Records from a data source:
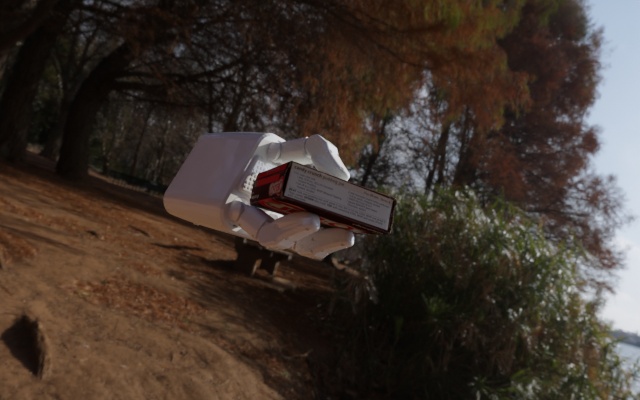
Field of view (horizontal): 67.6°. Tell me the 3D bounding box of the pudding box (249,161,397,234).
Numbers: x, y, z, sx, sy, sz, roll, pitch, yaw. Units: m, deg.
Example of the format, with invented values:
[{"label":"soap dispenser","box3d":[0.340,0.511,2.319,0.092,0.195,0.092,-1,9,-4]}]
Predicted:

* * *

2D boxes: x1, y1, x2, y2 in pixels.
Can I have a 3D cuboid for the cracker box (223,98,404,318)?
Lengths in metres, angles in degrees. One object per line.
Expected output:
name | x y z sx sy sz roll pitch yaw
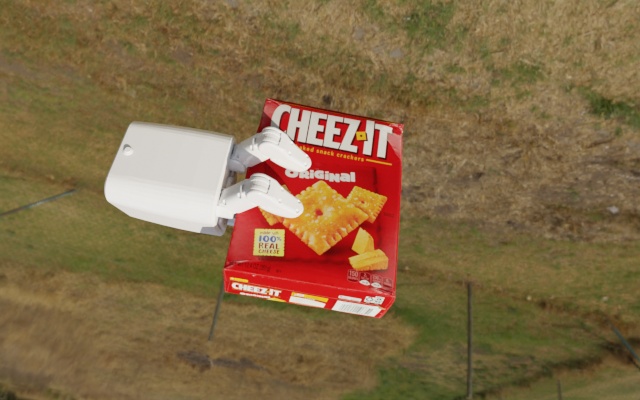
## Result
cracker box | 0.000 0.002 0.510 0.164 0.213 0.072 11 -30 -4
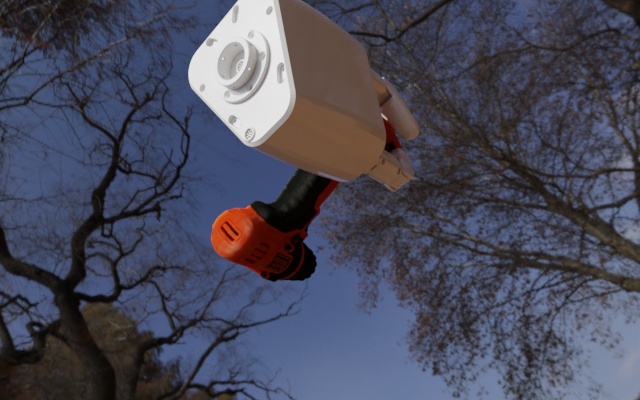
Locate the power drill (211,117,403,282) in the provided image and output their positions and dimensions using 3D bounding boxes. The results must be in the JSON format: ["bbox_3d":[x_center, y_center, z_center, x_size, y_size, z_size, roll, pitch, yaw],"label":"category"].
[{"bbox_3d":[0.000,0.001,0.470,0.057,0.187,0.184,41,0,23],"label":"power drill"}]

* * *

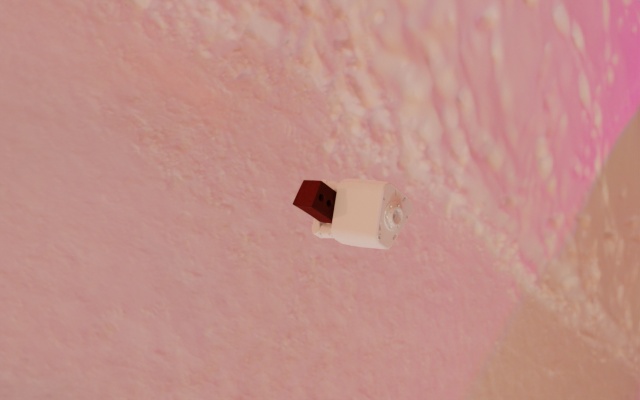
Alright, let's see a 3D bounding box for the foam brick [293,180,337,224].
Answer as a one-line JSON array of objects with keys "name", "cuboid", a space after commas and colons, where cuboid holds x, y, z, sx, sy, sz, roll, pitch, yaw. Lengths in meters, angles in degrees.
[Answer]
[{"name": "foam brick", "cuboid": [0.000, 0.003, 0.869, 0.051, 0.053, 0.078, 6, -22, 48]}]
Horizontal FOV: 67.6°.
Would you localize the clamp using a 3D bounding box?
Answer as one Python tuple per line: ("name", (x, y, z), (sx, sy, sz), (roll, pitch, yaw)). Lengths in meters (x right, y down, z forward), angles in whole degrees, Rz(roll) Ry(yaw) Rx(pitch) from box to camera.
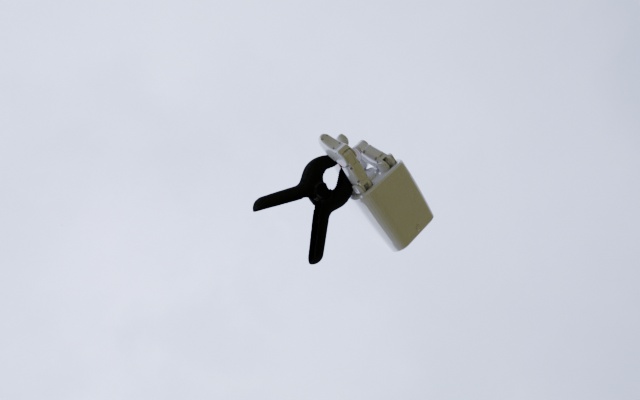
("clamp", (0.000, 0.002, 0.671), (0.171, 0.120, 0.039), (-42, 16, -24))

Exercise aim: Copy each line in the data that holds the word "with".

Task result:
Example of the format, with invented values:
Answer as a one-line JSON array of objects with keys "name", "cuboid", a space after commas and colons, where cuboid holds x, y, z, sx, sy, sz, roll, pitch, yaw. Lengths in meters, angles in degrees.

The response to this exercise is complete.